NOAA Fisheries has announced changes in regulations for blueline tilefish, black sea bass and yellowtail snapper in federal waters of the South Atlantic Region that may increase anglers’ take.
The final rule for Regulatory Amendment 25 to the Fishery Management Plan for the Snapper-Grouper Fishery of the South Atlantic Region was published on July 13.
The changes include:

Blueline tilefish
Regulations for blueline tilefish were effective last week.
• Increase the annual catch limits for blueline tilefish from 26,766 to 87,521 pounds whole weight (commercial sector) and 26,691 to 87,277 pounds whole weight (recreational).
• Reopen commercial harvest for blueline tilefish on July 13. Commercial harvest will close in 2016 if the commercial annual catch limit is met.
• Increase the commercial trip limit from 100 to 300 pounds gutted weight.
• Increase the recreational bag limit from one fish per vessel to three fish per person per day for May through August within the aggregate bag limit.

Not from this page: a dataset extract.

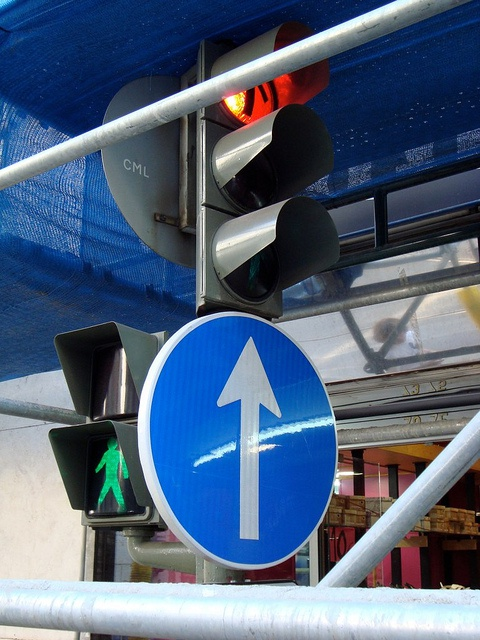Describe the objects in this image and their specific colors. I can see traffic light in lightblue, black, gray, darkgray, and navy tones, traffic light in lightblue, black, gray, and ivory tones, and traffic light in lightblue, black, green, gray, and lightgreen tones in this image.

There will continue to be no recreational retention of blueline tilefish during January through April and September through December.
• The increases in the commercial trip limit and the recreational bag limit are in response to the increase in the annual catch limit.

Black sea bass
Regulations for black sea bass will be effective on Aug. 12.
• Increase the recreational bag limit for black sea bass from five to seven fish per person per day.

Yellowtail snapper
Regulations for yellowtail snapper will be effective on Aug. 12.
• Change the yellowtail snapper fishing year start date for both the commercial and recreational sectors from Jan. 1 to Aug. 1 each year. Changing the start of the fishing year to Aug. 1 will benefit both sectors because it will ensure harvest is open during the winter months, when yellowtail snapper obtains a higher price per pound commercially, and during peak tourist season in south Florida, where the majority of yellowtail snapper harvest takes place.